We may well be facing a wave of industrial action, said The Independen­t, which will add to the general sense of “malaise” gripping the country. But don’t put it down to a “sudden outbreak of Marxism”; what we have here is more a matter of supply and demand. There are currently more vacancies than there are jobseekers; and in “a tight labour market”, people are less likely to accept below-inflation pay rises. Private sector bosses are already giving in to the pressure, said The Sunday Times. Average pay growth there has been 8% over the past year. By contrast, public sector pay is up 1.5%. It’s unrealisti­c for unions to seek parity with the private sector, not least because public sector workers tend to enjoy more generous pensions; but ministers may struggle to keep pay rises in the 2-3% range they’d envisaged. All the more reason not to accede to RMT boss Mick Lynch, said Gerald Warner on Reaction. Rail workers are better paid than most; if these relative “fat cats” get the 7% they want, it will open a floodgate of demand from teachers and nurses who’ve had real-terms pay cuts in the past decade.

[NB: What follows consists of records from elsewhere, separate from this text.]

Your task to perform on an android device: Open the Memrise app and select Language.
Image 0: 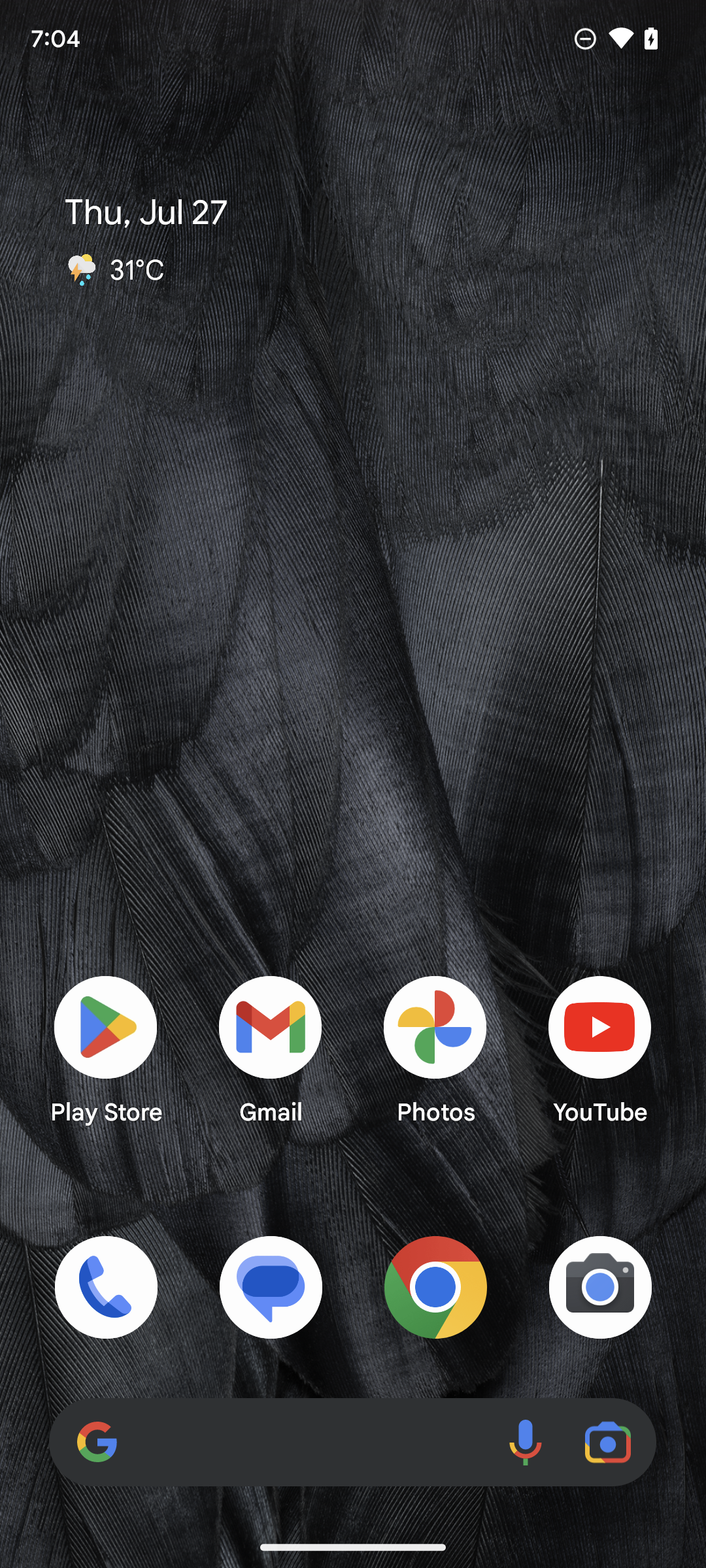
Open the Memrise app.
Step 0: open app "Memrise"
Image 2: 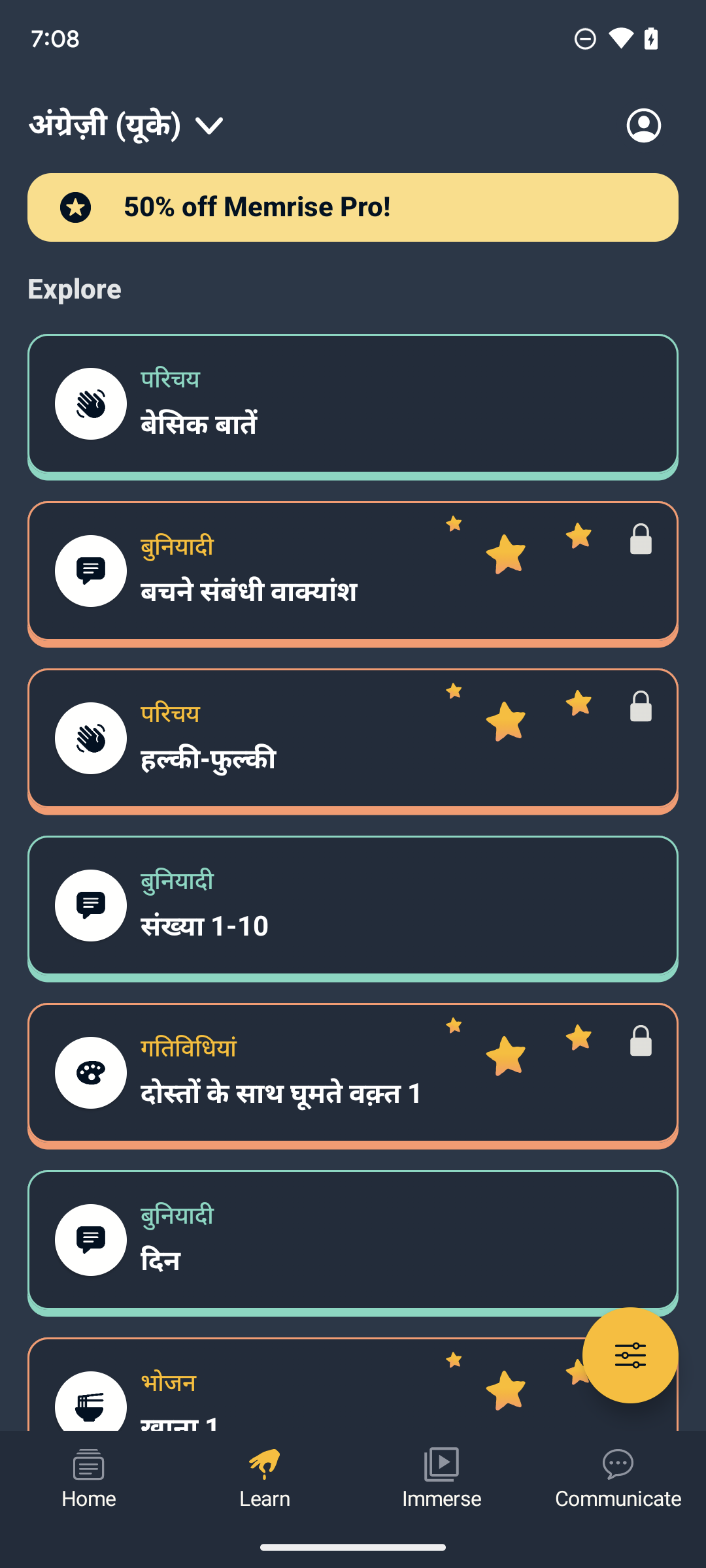
Click on the home icon present at the left bottom corner of the screen.
Step 2: click (88, 1464)
Image 3: 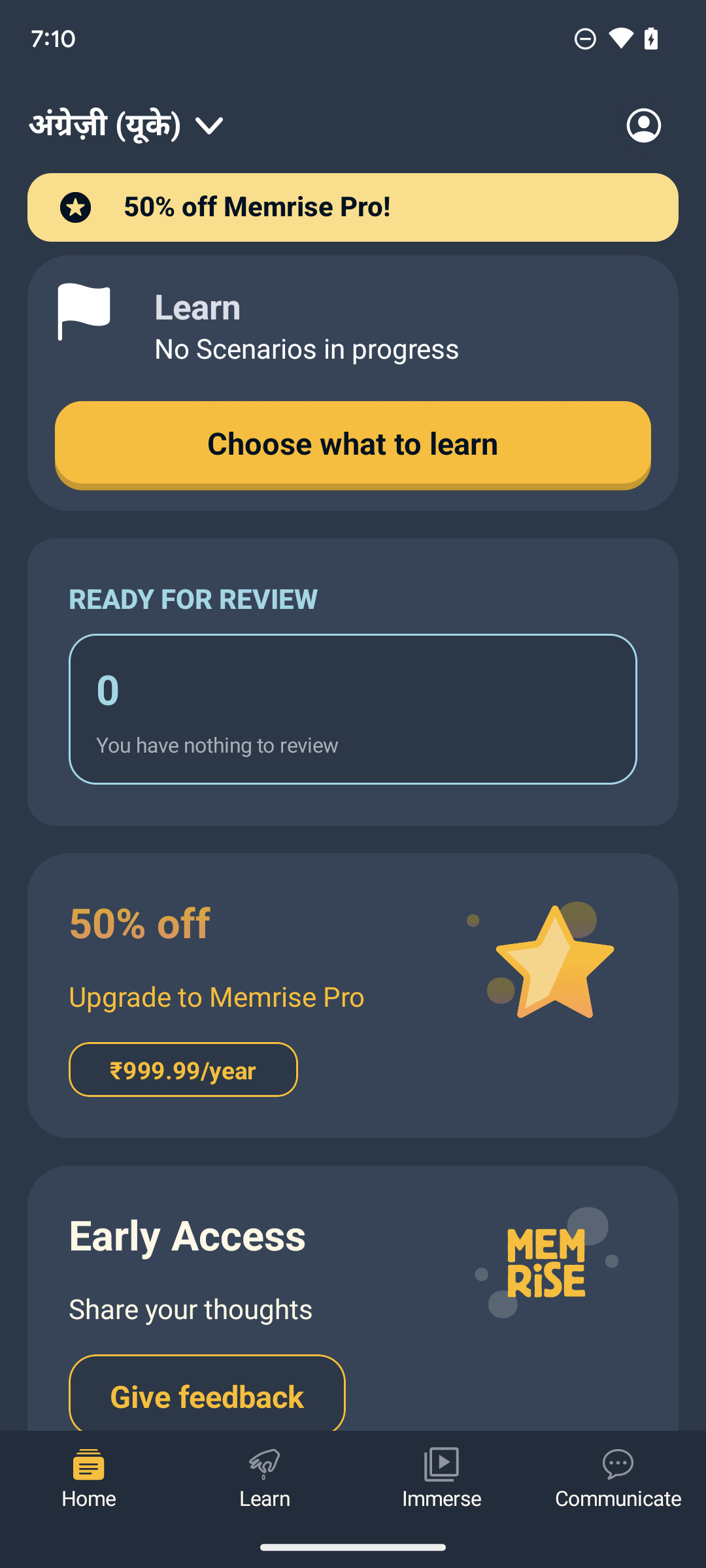
Tap on Choose What to Learn present on the upper part of the screen.
Step 3: click (352, 442)
Image 4: 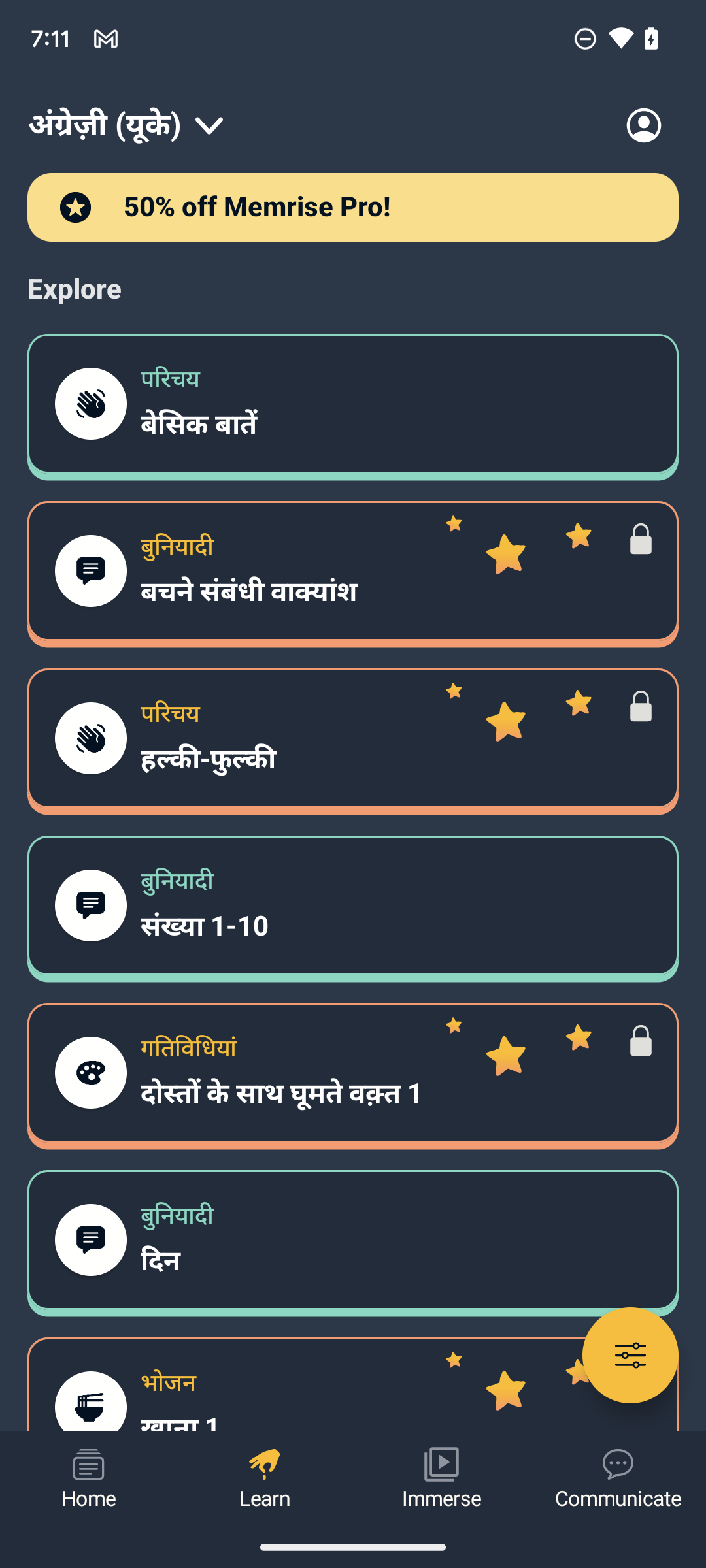
Click on English, UK, present at the left upper corner of the screen.
Step 4: click (105, 125)

There has been a lot of misleading talk about rail workers’ pay, said Hannah Fearn on The Independen­t. People point to train drivers on £60K a year; but it’s not drivers who are on strike. The RMT doesn’t represent them; it represents skilled workers such as engineers and also low-paid cleaners and others who have not had a raise for three years. It suits ministers to depict the railworker­s as greedy and selfish, said Kenan Malik in The Observer, and their union leaders as overmighty barons. In fact, the right to strike has been heavily curtailed in the past 40 years, and corporatio­ns now have far “more leverage than unions could ever muster”. The withdrawal of labour is about the only means workers have “of restoring a modicum of balance in a highly unequal relationsh­ip”. In other words, for people at the bottom, unions represent their best hope of “levelling up”.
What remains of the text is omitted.